### Material for the task
************
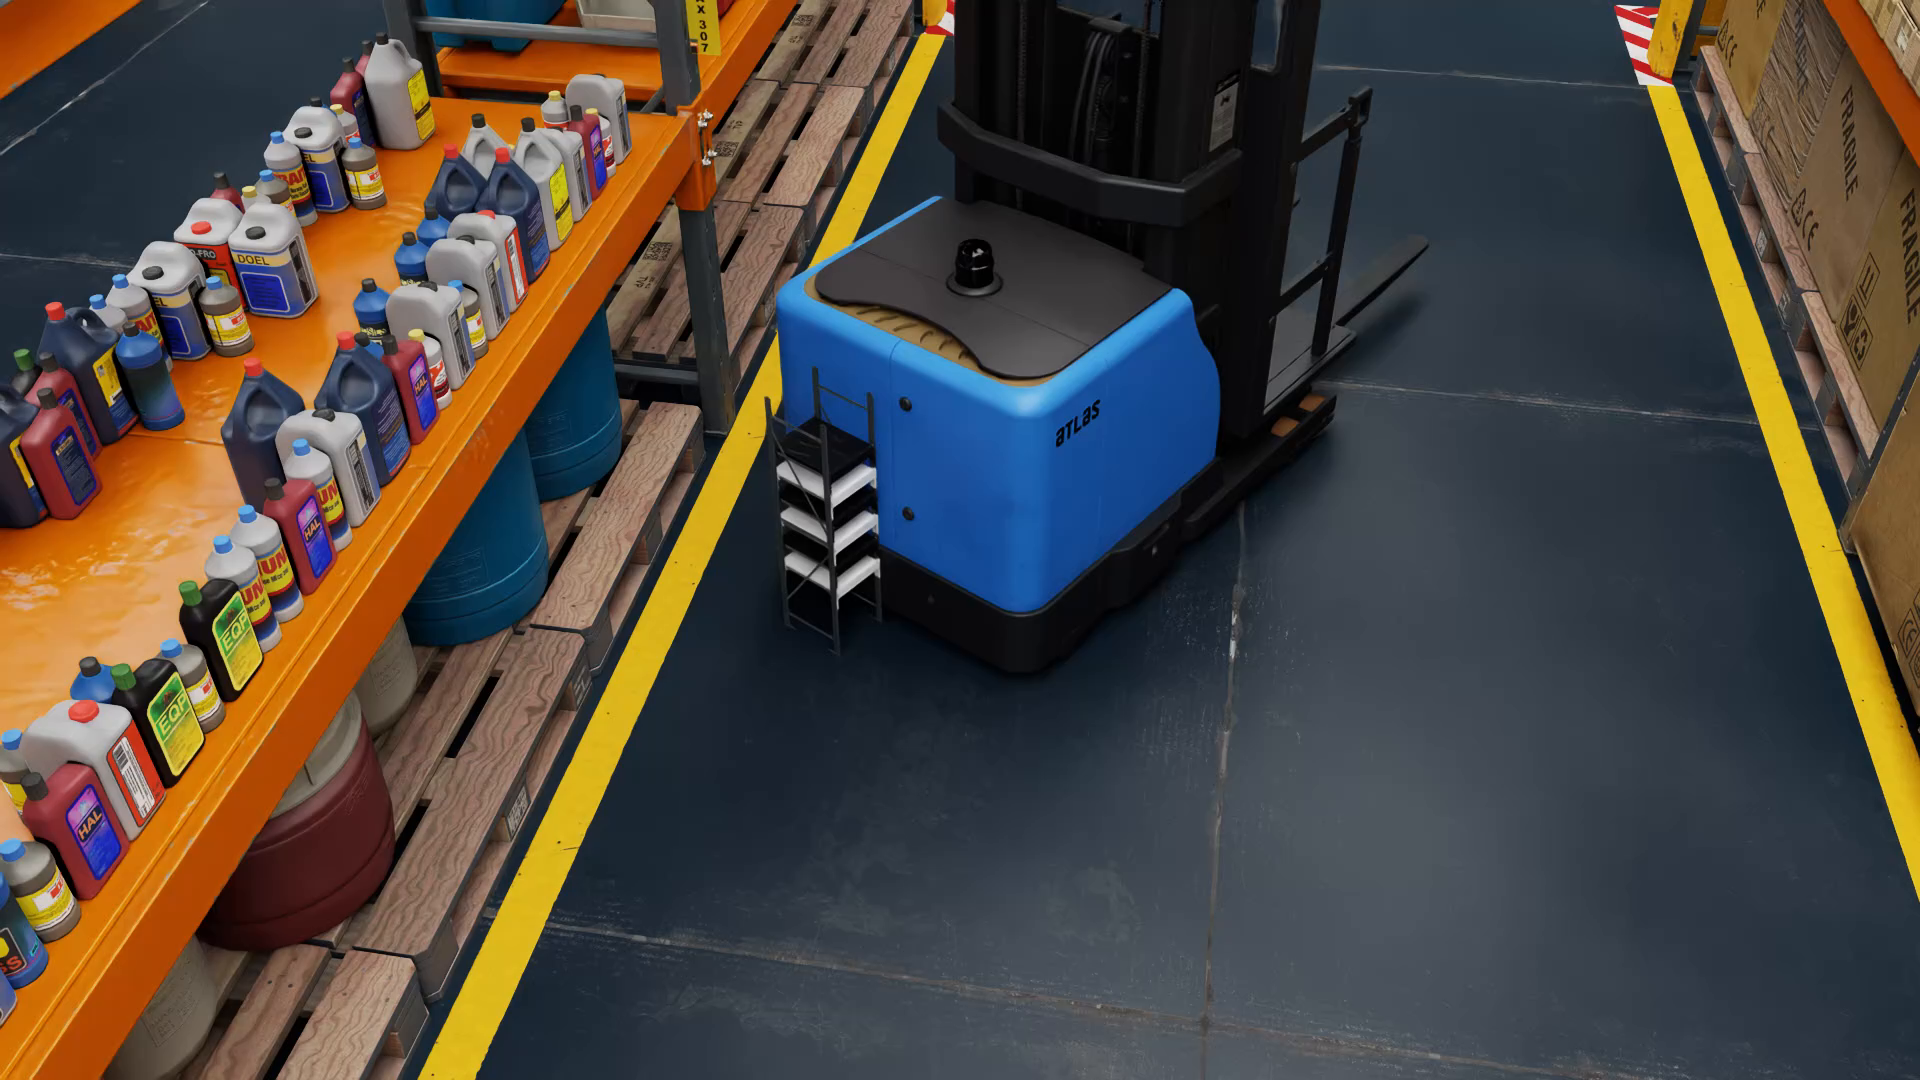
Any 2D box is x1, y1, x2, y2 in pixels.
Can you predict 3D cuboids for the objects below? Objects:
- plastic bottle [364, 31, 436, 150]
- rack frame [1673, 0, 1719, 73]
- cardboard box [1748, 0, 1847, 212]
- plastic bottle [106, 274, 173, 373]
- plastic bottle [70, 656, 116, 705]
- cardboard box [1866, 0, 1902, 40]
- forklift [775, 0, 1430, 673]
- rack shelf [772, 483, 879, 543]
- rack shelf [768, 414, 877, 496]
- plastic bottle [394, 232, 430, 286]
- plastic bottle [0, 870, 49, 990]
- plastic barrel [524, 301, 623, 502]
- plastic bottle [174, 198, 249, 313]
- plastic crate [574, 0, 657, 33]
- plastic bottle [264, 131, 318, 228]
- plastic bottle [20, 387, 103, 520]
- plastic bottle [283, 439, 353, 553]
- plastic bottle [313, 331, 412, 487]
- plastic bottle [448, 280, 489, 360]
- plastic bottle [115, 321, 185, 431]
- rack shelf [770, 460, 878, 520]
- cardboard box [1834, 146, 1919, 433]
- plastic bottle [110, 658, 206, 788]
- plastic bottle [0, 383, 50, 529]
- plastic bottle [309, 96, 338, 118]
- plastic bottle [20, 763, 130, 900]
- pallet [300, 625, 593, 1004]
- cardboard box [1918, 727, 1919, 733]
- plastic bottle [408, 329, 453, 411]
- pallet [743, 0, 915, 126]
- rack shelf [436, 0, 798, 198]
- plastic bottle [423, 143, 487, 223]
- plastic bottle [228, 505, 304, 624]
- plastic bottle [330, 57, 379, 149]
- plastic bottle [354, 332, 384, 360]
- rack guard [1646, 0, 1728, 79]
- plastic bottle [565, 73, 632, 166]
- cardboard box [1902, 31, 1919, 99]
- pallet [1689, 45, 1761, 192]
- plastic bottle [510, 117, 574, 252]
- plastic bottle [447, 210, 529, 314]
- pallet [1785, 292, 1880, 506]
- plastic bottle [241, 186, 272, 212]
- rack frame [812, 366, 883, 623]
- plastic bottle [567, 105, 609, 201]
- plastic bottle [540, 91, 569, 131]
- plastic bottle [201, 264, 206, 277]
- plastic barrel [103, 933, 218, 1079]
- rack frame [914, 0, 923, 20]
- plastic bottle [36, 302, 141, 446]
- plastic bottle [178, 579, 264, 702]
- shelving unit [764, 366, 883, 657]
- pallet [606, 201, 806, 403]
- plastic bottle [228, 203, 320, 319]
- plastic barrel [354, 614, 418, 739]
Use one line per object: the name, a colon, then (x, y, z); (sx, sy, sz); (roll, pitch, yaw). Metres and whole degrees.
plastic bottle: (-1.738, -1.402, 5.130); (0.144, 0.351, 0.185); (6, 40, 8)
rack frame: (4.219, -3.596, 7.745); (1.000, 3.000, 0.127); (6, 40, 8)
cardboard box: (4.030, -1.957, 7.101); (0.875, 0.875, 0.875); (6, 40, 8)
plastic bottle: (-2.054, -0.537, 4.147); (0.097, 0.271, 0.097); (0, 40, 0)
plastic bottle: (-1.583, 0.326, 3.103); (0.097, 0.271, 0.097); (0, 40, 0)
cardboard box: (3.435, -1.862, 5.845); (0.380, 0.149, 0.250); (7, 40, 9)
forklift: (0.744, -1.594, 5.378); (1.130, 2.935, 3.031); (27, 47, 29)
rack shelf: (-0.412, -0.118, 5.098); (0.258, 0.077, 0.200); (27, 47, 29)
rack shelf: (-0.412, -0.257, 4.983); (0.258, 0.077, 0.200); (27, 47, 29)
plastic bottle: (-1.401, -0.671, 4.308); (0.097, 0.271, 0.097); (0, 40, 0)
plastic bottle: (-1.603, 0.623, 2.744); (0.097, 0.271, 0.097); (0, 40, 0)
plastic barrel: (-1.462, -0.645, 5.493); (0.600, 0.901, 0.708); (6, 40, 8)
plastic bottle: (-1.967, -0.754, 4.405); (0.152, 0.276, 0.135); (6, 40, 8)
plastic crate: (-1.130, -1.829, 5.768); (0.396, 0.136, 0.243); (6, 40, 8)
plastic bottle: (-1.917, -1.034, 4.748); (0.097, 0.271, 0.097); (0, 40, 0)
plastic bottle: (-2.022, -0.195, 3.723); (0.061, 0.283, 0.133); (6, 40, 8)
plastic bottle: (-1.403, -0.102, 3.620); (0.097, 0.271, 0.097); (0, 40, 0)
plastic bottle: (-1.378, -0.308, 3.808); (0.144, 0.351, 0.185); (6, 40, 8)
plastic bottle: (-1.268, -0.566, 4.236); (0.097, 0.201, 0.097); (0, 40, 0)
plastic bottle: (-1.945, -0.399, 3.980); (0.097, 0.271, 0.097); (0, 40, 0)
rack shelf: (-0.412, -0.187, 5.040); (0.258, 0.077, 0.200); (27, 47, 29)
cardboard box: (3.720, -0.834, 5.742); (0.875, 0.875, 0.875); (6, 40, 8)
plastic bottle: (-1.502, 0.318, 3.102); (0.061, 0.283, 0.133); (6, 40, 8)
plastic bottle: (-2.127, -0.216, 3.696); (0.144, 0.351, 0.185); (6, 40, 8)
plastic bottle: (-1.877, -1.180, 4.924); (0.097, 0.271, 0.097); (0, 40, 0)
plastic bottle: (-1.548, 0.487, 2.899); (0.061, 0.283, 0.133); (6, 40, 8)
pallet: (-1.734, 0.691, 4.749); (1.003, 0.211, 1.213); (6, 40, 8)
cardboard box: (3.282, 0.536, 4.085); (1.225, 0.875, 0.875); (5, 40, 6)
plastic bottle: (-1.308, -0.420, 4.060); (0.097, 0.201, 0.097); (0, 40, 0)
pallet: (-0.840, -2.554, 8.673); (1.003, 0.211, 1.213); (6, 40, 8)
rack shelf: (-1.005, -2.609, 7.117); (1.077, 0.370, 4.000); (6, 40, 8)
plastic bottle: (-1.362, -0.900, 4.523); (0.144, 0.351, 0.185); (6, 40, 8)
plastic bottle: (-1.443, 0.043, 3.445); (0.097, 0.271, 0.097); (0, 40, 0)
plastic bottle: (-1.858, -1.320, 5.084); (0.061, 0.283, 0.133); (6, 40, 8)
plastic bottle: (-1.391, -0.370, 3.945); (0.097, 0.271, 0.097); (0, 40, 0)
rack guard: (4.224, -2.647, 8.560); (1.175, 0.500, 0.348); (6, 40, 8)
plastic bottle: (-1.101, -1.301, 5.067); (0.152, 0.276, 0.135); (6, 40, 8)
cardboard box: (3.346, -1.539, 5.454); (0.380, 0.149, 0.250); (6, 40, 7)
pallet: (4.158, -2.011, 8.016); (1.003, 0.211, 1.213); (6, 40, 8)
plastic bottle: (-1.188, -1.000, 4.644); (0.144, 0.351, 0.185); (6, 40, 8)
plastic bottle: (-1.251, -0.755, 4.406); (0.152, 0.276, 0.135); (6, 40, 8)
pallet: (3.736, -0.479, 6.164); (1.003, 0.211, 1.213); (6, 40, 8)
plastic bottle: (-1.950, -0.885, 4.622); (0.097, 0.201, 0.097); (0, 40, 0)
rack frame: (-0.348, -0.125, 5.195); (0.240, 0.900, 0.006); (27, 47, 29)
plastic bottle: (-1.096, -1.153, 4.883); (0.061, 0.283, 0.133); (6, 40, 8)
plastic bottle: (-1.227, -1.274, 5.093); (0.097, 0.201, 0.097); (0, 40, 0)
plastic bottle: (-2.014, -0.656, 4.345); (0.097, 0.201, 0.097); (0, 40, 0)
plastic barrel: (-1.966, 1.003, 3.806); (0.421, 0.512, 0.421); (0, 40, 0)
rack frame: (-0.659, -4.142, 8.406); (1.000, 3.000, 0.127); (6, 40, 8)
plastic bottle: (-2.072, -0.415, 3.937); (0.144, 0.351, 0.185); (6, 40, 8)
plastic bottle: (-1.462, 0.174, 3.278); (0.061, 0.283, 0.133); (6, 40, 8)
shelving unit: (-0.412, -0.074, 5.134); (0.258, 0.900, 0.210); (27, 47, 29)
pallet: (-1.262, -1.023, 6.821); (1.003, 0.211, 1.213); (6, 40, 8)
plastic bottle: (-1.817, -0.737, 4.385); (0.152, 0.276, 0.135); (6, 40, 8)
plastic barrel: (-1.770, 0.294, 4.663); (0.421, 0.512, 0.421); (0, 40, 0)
************
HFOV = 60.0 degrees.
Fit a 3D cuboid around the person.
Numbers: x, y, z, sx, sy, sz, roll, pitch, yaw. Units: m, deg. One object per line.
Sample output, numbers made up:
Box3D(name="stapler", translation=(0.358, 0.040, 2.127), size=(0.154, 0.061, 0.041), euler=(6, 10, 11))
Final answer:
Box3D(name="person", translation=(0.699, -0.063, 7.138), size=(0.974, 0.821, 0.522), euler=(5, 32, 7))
************
### Instructions for the task
Please give an exact copy of the entries above, from the line with "- rack shelf [772, 483, 879, 543]" down to the line with "- plastic bottle [36, 302, 141, 446]", inclusive, and nothing else.

### Answer section
- rack shelf [772, 483, 879, 543]
- rack shelf [768, 414, 877, 496]
- plastic bottle [394, 232, 430, 286]
- plastic bottle [0, 870, 49, 990]
- plastic barrel [524, 301, 623, 502]
- plastic bottle [174, 198, 249, 313]
- plastic crate [574, 0, 657, 33]
- plastic bottle [264, 131, 318, 228]
- plastic bottle [20, 387, 103, 520]
- plastic bottle [283, 439, 353, 553]
- plastic bottle [313, 331, 412, 487]
- plastic bottle [448, 280, 489, 360]
- plastic bottle [115, 321, 185, 431]
- rack shelf [770, 460, 878, 520]
- cardboard box [1834, 146, 1919, 433]
- plastic bottle [110, 658, 206, 788]
- plastic bottle [0, 383, 50, 529]
- plastic bottle [309, 96, 338, 118]
- plastic bottle [20, 763, 130, 900]
- pallet [300, 625, 593, 1004]
- cardboard box [1918, 727, 1919, 733]
- plastic bottle [408, 329, 453, 411]
- pallet [743, 0, 915, 126]
- rack shelf [436, 0, 798, 198]
- plastic bottle [423, 143, 487, 223]
- plastic bottle [228, 505, 304, 624]
- plastic bottle [330, 57, 379, 149]
- plastic bottle [354, 332, 384, 360]
- rack guard [1646, 0, 1728, 79]
- plastic bottle [565, 73, 632, 166]
- cardboard box [1902, 31, 1919, 99]
- pallet [1689, 45, 1761, 192]
- plastic bottle [510, 117, 574, 252]
- plastic bottle [447, 210, 529, 314]
- pallet [1785, 292, 1880, 506]
- plastic bottle [241, 186, 272, 212]
- rack frame [812, 366, 883, 623]
- plastic bottle [567, 105, 609, 201]
- plastic bottle [540, 91, 569, 131]
- plastic bottle [201, 264, 206, 277]
- plastic barrel [103, 933, 218, 1079]
- rack frame [914, 0, 923, 20]
- plastic bottle [36, 302, 141, 446]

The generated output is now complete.